» **WHAT TO PRODUCE**
Word for word, restate each of the entries below, and drop every picture.

++++

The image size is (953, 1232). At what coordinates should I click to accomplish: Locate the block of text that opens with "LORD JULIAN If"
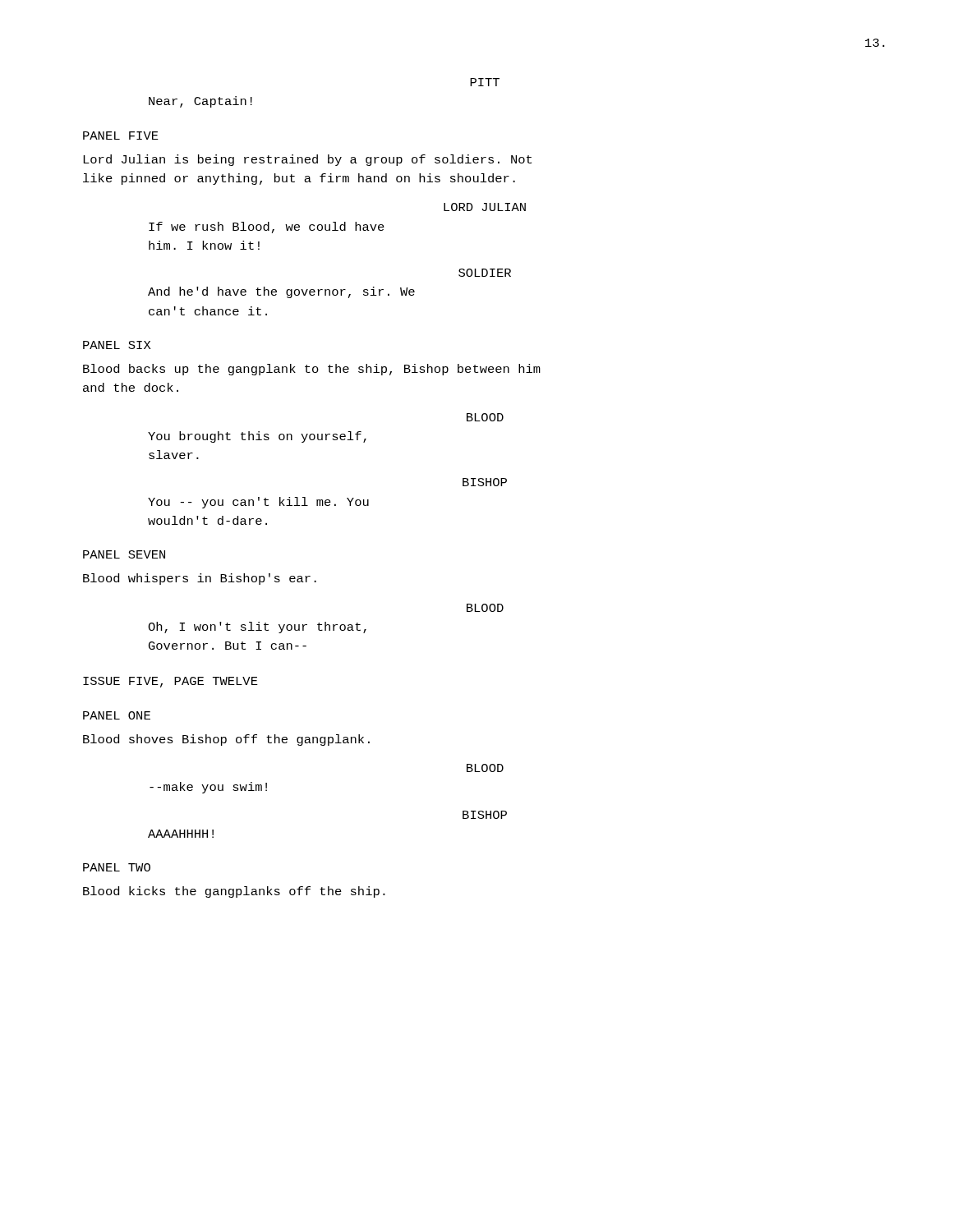(485, 207)
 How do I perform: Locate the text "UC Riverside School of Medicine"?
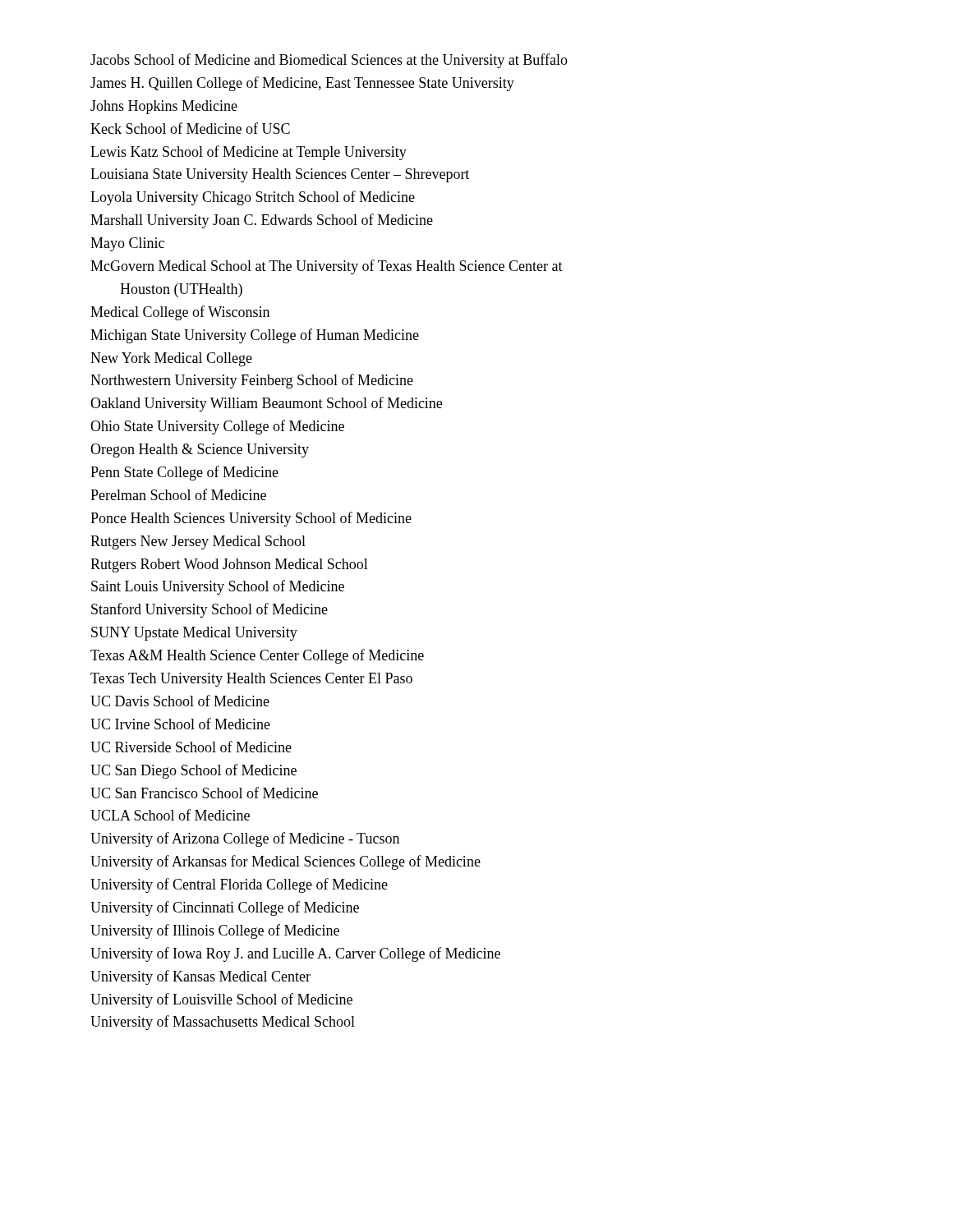click(191, 747)
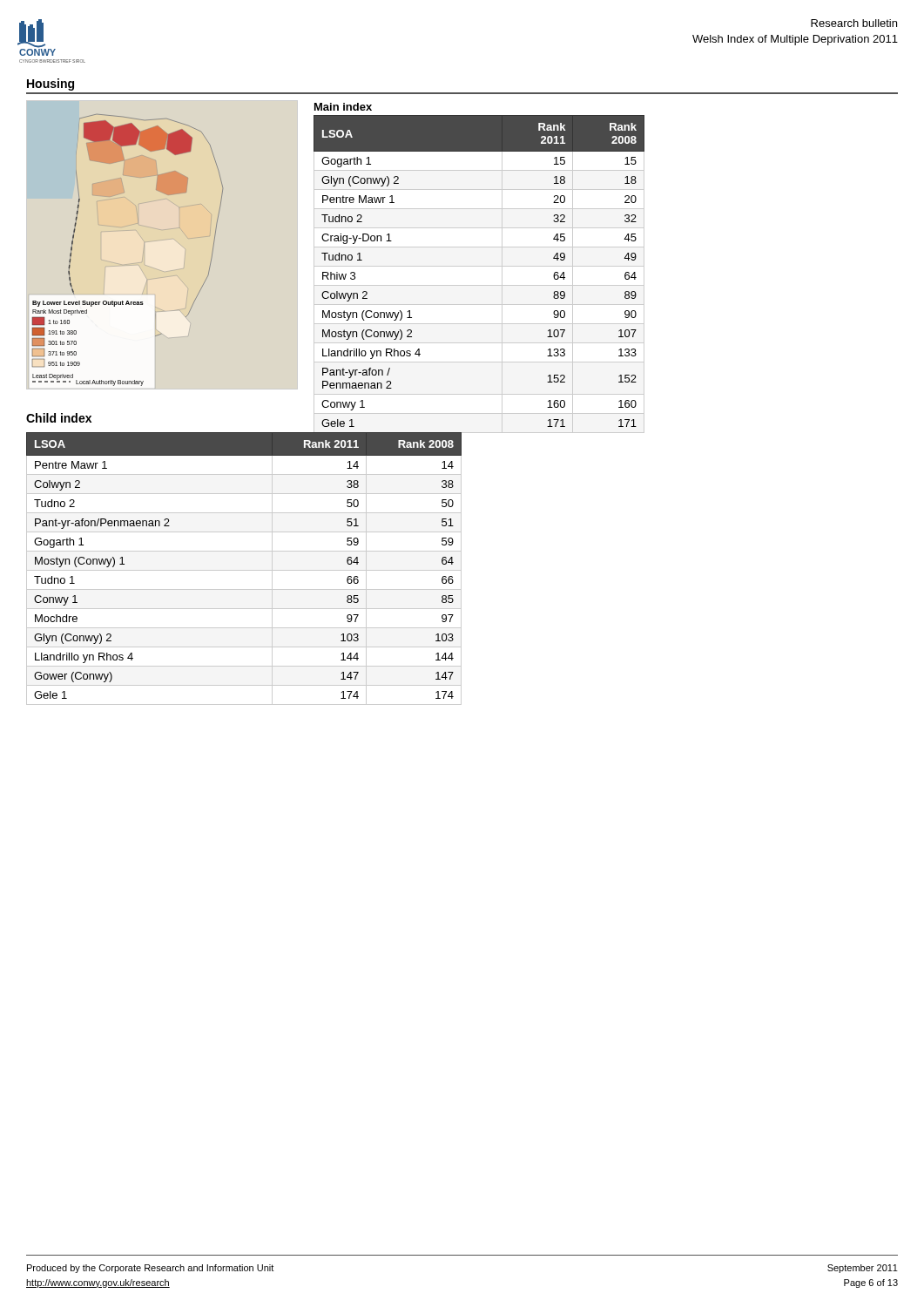
Task: Find "Main index" on this page
Action: [x=343, y=107]
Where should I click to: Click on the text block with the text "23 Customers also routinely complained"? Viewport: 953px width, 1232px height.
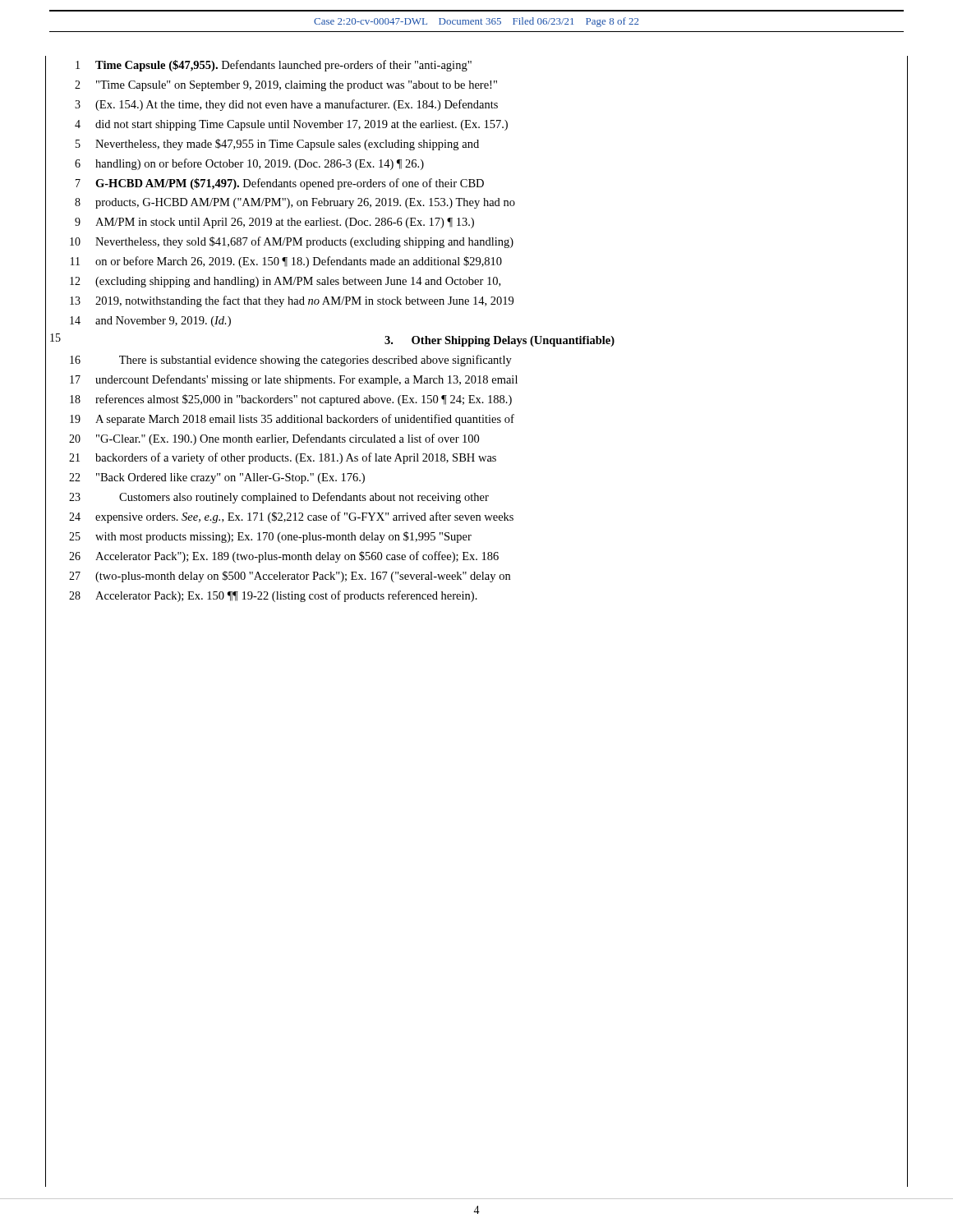pyautogui.click(x=476, y=547)
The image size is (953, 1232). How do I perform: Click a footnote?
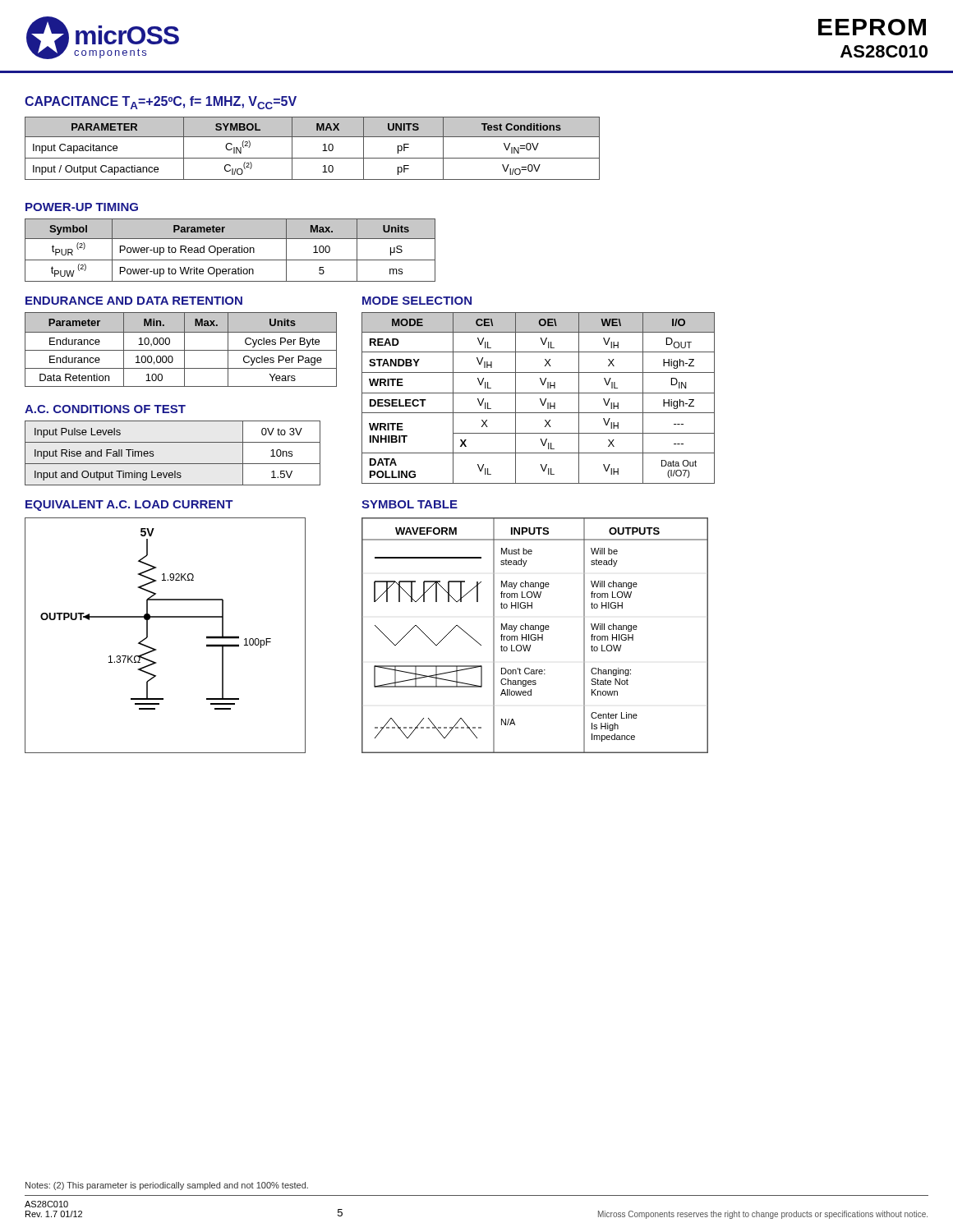167,1185
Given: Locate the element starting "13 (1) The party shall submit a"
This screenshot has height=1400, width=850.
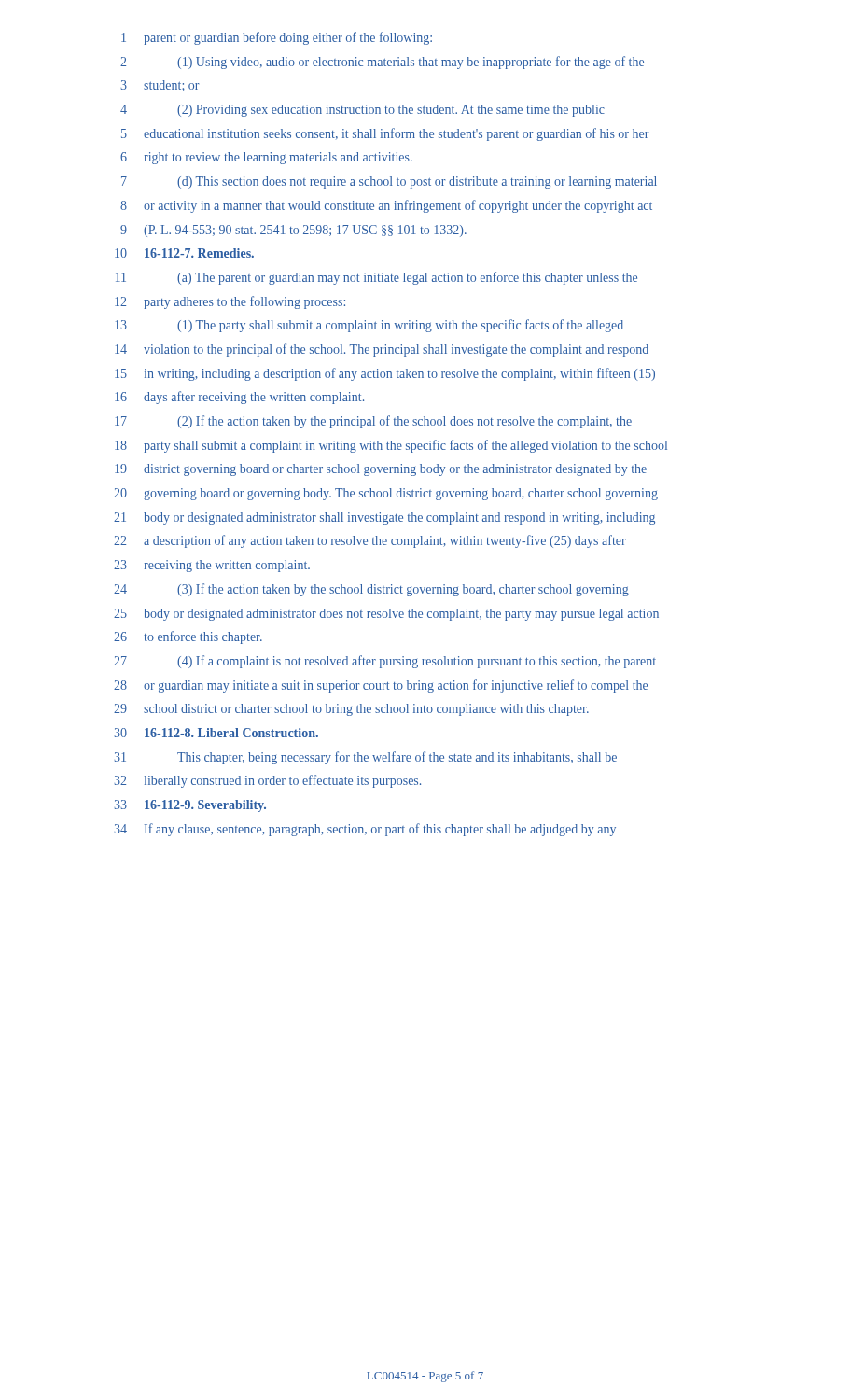Looking at the screenshot, I should (x=439, y=326).

++++

» **TASK RESULT**
The image size is (953, 1232). At what coordinates should I click to accomplish: Locate the block of text that opens with "LORD JULIAN If"
(485, 207)
 How do I perform: Locate the text "UC Riverside School of Medicine"?
click(191, 747)
Task: Find "Main index" on this page
Action: [x=343, y=107]
Where should I click to: Click on the text block with the text "23 Customers also routinely complained"? Viewport: 953px width, 1232px height.
pyautogui.click(x=476, y=547)
The image size is (953, 1232). How do I perform: Click a footnote?
167,1185
Given: Locate the element starting "13 (1) The party shall submit a"
This screenshot has height=1400, width=850.
Looking at the screenshot, I should (x=439, y=326).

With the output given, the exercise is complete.